"Franquia não é tábua de salvação", alerta especialista
A maioria das franquias é 'empurroterapia'. Por isso, avalie antes para não reclamar depois, recomenda o consultor Marcus Rizzo
Uma franqueada da rede O Boticário teve que se desligar após 30 anos devendo milhões e ter o abastecimento de suas lojas suspendido. Um grupo de ex-franqueados dos supermercados Dia abriu uma entidade para tentar combater um problema comum a todos eles: a obrigatoriedade de só comprar produtos da rede.
Mas o que pode dar errado em um setor em que o crescimento em 2015 ficou acima do PIB, e é um dos raros que vêm resistindo à crise devido ao seu modelo formatado de negócio, em que a rede é responsável por transmitir o know how necessário no dia a dia da operação?
A desinformação de alguns franqueados –inclusive no quesito gestão - e a falta de transparência de redes, que usam o formato como canal de distribuição, pode minar a relação entre as partes. É o que afirma Marcus Rizzo, sócio-fundador e consultor da Rizzo Franchise.
Para ele, de nada adianta educar o franqueador, e sim os consumidores de franquias – o lado mais fraco da relação. Mas isso está mudando: segundo Rizzo, ao longo de 30 anos, ele diz ter constatado mudança no perfil do consumidor de franquias.
“O problema ainda é encarar o franchising como tábua de salvação. Dificilmente vai dar certo", afirma. Principalmente em um momento de crise.
Na entrevista a seguir, Rizzo avalia alguns pontos dessa relação tão delicada em entrevista ao Diário do Comércio:
Até que ponto vale a pena investir a rescisão ou a poupança de uma vida inteira em uma franquia?

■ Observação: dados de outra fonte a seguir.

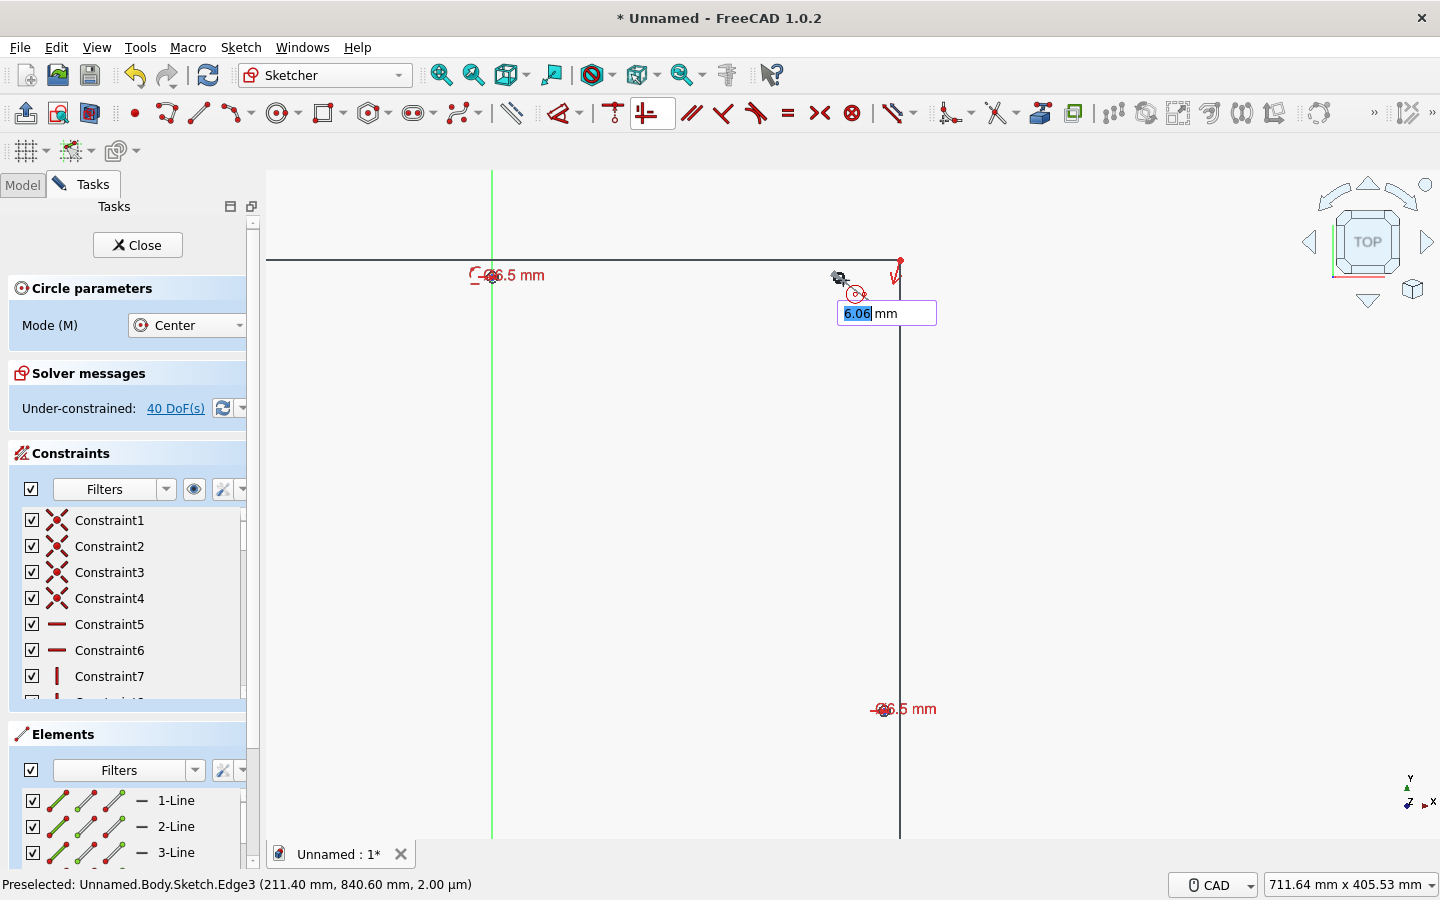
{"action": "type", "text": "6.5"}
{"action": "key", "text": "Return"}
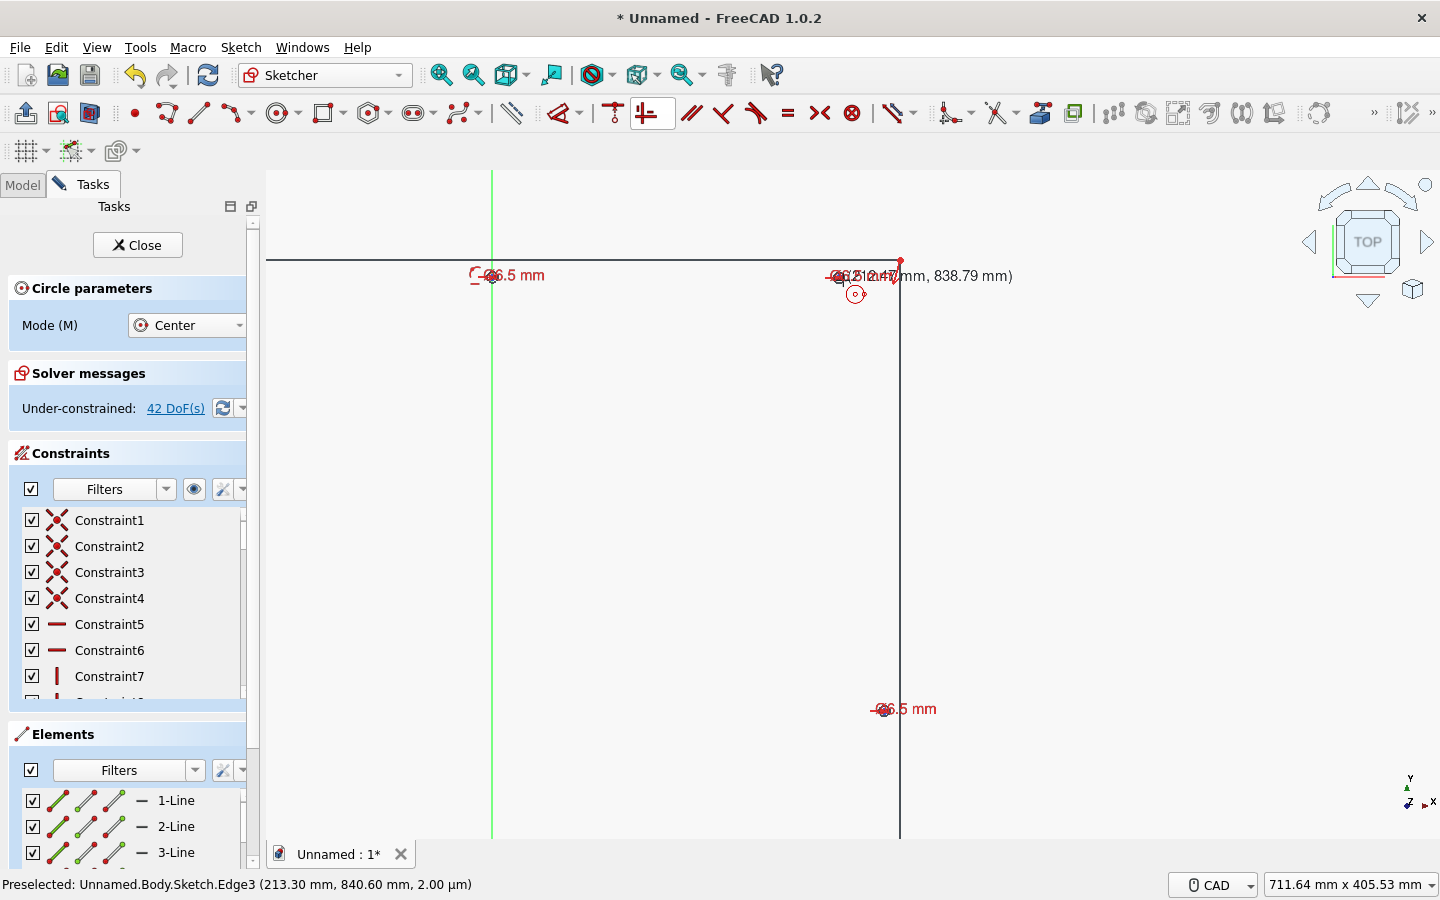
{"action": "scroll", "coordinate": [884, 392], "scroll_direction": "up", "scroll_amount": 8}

Vale tudo. O que eu quero dizer é que vale investir porque estou investindo em um negócio no qual eu não conheço nada, mas também estou comprando, com o meu rico dinheiro que já é curto, a curva de experiência de quem já testou um modelo. É melhor entrar num negócio que já tenha sido testado, e com sucesso comprovado, do que inventar um novo.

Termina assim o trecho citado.